Having failed to get a ransom for the castle of Chagres, he demolished some of its walls and set sail secretly for Jamaica, leaving the majority of his men behind, and almost as poor as before the expedition. God did not help Don Juan, but he hit the pirates hard. Few men would be willing to do so much dangerous work for so little pay. There certainly were and are many honest occupations available, even for the most ignorant men, that pay better in the end than trying to obtain by sword cuts or short cuts, what belongs to others. But everything has to be tried and exploited in this immature world, and Henry Morgan did pioneer work. As a reward for this, Henry was made a Sir and appointed Lieutenant-Governor of Jamaica, and the island has ever since been a victim of the four elements. These were golden days for buccaneers, for they were not only tolerated at Jamaica but were licensed by Great Britain to rob and kill Spanish men and women, and to spend the money and sell the jewels at British ports.

A paragraph from John Evelyn’s diary tells the story:

“1698, 6 Aug.—I dined with Mr. Pepys, where was Capt. Dampier, who had been a famous Buccaneer, had brought hither the painted Prince Job, and printed a relation of his very strange adventure, and his observations. He was now going abroad again by the King’s encouragement, who furnished a ship of 290 tons. He seemed a more modest man than one would imagine by the relation of the crew he has assorted with.”

Surely the tourist, the poet, the artist, the antiquarian, and lover of the romantic past, need not go to Europe or Asia to find ruin and romance, dirt and dreaminess, the splendor of nature and the destructiveness of man, to find history, hallucination, inspiration and perspiration.
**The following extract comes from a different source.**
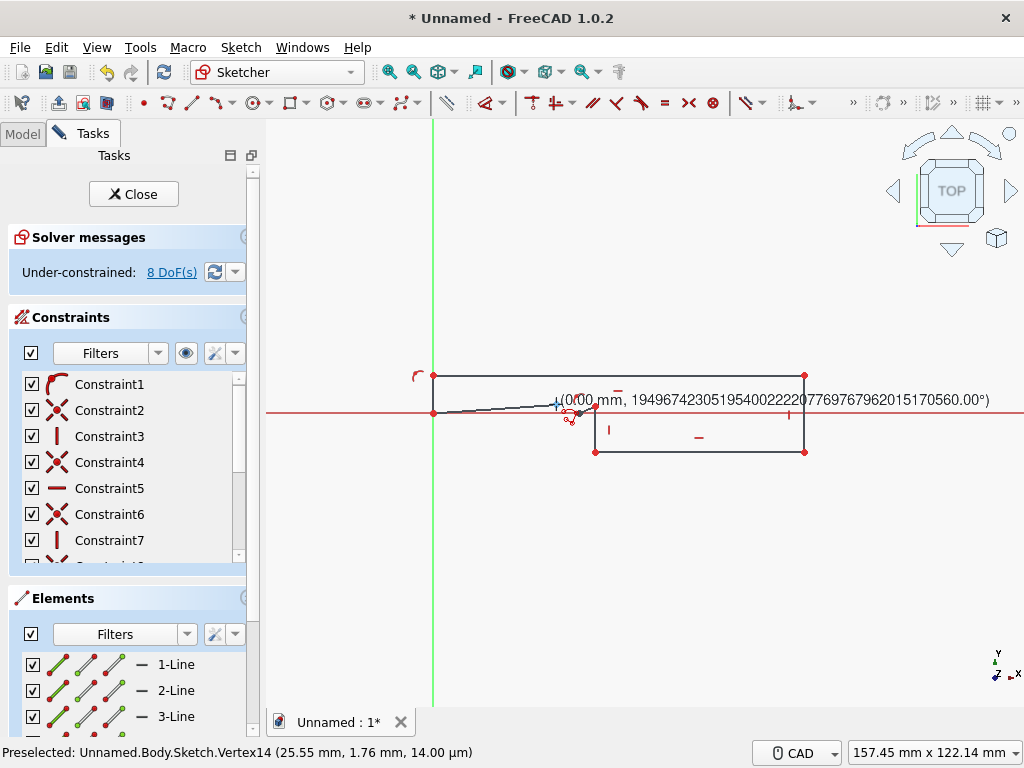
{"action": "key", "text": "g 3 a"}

Let him visit the solitary ruined tower at the site of the old city of Panama and tumble into old vaults and ditches; let him study the church ruins in the present city, and buy a few; let him live in the dingy old Spanish houses and go about among the parti-colored inhabitants, instead of traveling in Europe among his own countrymen. Let him study the history, legends, superstitions, customs and language of the people and be satisfied. If not let him go to Yucatan and study the architecture and religion of the Aztecs, which are not modeled after guide books, and let him wander and dream and write and paint and see something new under the sun, that really is under the sun. Europe and Asia are an old story.

Panama has changed hands since the buccaneer period when the buccaneers did all of the fighting. Panamanians now have less money, fewer prayers and more fights. They have not a praying Don Juan for president—Don Juans should not pray. Their chief fault is that they believe in frequent changes of administration. But they have the courage of their convictions, and the army has always been ready to act upon them, pro or con.
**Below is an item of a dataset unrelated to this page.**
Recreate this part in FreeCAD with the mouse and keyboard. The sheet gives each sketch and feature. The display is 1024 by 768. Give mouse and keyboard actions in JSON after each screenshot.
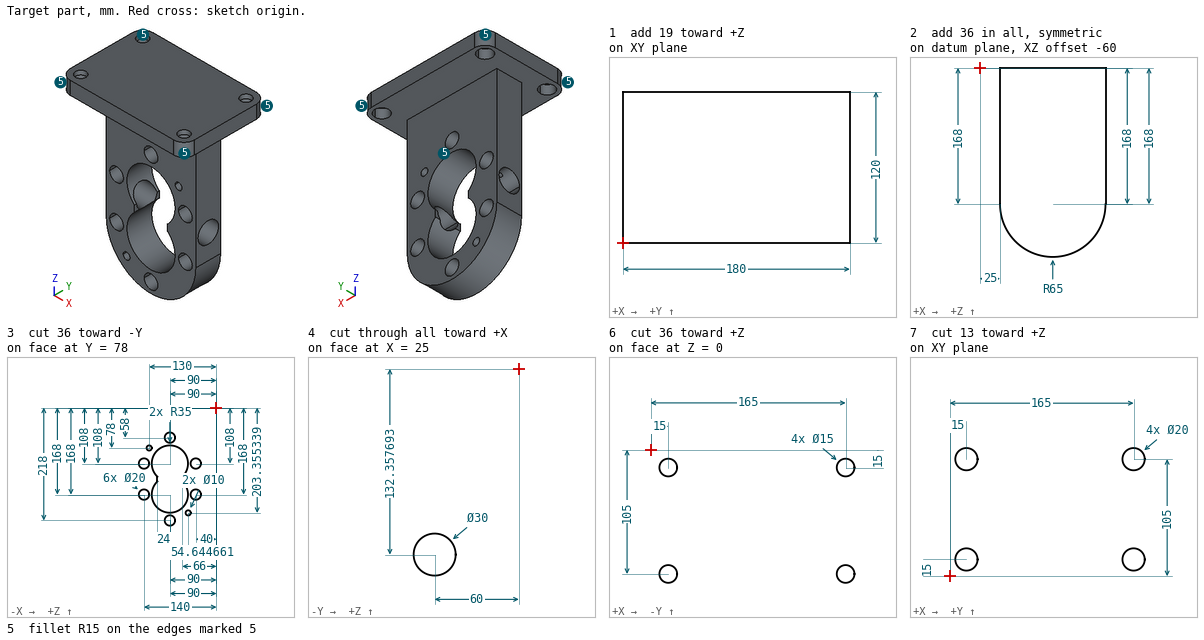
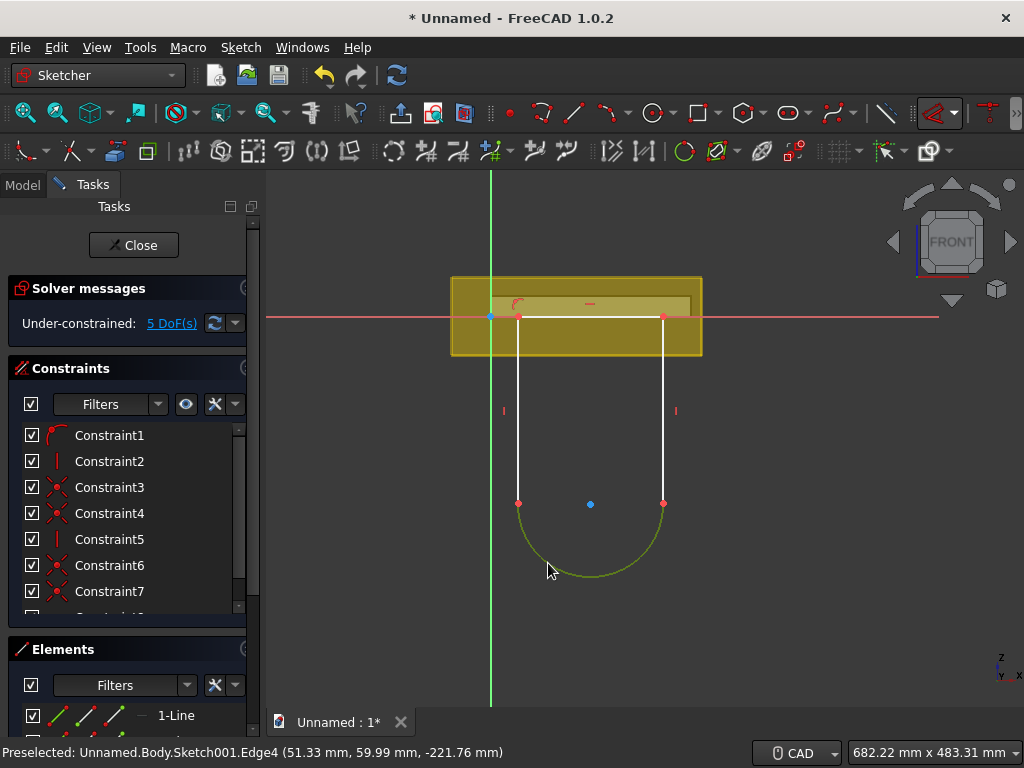
{"action": "key", "text": "k r"}

President Amador is a philosopher and believes that an ounce of prevention is worth a pound of cure, that the greatest preventive of fighting is to do away with the fighters. Hence the large standing army of the republic has been disbanded and their duties given over to the military policemen. Since then there has been a revolutionary stagnation, a slump in the revolutionary market, for which Uncle Sam is said to be responsible. But for Uncle Sam there would have been something doing in Panama before this.